Así, tenemos a esa cruel y astuta Úrsula, una vengativa pulpo, que da cuerpo al villano de turno, que intentará aprovecharse de la ingenuidad de la hija de Tritón. También tenemos a Sebastián, el gran personaje secundario del filme, que en su seriedad resulta un alarde de comicidad. Y otros secundarios muy serios o muy cómicos. La progresión dramática es imparable, y el climax lo suficientemente intenso y sorprendente. De forma muy convincente se dio con una fórmula que han seguido explotando en esa casa con mayor o menor fortuna durante una docena de películas.
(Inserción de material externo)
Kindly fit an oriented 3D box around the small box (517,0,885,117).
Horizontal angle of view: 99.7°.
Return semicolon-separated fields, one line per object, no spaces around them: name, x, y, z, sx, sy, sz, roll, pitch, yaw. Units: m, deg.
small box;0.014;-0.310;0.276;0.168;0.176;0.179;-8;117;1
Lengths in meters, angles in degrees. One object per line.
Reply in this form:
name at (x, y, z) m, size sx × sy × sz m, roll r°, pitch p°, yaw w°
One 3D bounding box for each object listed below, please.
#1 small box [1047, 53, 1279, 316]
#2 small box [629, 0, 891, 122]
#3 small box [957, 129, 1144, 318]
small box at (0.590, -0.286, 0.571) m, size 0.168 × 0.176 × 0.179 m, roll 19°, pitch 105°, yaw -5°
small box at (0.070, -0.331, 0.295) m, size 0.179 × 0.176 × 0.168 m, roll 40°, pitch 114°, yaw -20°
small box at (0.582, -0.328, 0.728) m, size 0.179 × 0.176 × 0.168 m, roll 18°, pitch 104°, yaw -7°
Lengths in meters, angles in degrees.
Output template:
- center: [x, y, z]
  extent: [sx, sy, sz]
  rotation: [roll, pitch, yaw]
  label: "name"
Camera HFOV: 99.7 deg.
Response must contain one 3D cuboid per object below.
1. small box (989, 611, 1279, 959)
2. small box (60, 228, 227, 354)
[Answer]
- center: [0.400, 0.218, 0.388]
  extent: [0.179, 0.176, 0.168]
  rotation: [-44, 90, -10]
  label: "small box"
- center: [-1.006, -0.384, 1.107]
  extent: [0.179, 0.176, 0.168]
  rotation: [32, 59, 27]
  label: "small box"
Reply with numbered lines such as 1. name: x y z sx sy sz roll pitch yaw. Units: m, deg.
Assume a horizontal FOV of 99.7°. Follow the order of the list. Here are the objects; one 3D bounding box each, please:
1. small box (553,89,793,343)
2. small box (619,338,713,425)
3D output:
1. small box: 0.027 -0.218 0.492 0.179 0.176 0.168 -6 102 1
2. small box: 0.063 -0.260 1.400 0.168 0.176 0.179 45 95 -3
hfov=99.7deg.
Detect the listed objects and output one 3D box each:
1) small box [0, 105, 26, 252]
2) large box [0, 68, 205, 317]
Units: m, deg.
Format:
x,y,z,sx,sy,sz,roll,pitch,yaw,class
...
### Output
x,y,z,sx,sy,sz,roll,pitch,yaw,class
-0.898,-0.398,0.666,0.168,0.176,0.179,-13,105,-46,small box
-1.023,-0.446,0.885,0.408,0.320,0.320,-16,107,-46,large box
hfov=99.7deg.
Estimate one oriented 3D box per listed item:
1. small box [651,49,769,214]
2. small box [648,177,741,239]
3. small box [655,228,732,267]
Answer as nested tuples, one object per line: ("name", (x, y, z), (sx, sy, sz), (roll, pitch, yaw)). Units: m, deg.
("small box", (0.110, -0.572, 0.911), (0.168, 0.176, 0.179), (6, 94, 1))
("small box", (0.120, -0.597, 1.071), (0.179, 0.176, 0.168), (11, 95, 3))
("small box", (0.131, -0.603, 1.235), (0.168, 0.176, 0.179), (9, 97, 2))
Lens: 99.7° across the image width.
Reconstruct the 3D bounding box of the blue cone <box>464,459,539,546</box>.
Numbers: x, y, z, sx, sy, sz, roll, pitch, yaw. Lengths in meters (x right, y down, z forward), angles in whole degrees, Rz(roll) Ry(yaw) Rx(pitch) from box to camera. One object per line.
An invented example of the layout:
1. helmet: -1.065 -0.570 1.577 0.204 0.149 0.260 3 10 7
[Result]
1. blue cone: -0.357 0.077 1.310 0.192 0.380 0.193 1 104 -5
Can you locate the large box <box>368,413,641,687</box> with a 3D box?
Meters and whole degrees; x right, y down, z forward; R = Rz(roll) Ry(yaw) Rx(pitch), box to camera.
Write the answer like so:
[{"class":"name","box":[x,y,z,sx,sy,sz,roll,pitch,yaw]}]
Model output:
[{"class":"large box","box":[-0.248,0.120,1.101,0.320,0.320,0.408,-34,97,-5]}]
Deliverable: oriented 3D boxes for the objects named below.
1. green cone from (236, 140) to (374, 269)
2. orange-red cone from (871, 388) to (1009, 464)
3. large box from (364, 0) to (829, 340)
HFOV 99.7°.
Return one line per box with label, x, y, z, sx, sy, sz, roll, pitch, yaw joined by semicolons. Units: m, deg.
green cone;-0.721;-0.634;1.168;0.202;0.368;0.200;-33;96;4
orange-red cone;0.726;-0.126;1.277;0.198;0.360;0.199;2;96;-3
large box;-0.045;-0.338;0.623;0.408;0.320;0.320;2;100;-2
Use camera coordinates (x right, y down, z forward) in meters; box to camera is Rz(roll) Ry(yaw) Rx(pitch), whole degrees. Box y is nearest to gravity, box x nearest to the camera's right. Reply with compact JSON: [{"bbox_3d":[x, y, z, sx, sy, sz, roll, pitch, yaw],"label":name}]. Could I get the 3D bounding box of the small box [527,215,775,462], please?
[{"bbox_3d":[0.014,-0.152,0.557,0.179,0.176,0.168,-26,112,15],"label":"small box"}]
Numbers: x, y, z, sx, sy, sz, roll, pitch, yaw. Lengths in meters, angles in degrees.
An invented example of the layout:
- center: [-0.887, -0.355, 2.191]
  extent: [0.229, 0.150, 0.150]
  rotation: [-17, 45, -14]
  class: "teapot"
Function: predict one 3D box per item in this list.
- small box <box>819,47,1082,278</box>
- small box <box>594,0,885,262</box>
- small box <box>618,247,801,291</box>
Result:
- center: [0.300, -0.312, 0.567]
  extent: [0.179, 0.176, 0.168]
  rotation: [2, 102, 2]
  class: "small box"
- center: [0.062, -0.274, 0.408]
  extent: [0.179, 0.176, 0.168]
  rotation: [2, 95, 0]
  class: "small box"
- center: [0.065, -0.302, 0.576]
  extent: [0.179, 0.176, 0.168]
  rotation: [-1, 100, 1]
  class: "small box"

Algunas la mejoraron, pero esta fue la primera.
Como apunte final, debo confesar que prefiero mucho antes el doblaje sudamericano, por sorprendente que pueda parecer, al posterior español que grabaron algunos años más tarde. No es sólo que el personaje de Sebastián gana muchísimo con su voz de acento cubano, sino que todas las voces me parecen más elegantes, más sutiles, más dulces o terribles. Debe ser una manía mía, pero este es un caso excepcional, pues no me sucede con ninguna otra. Lo que son las cosas.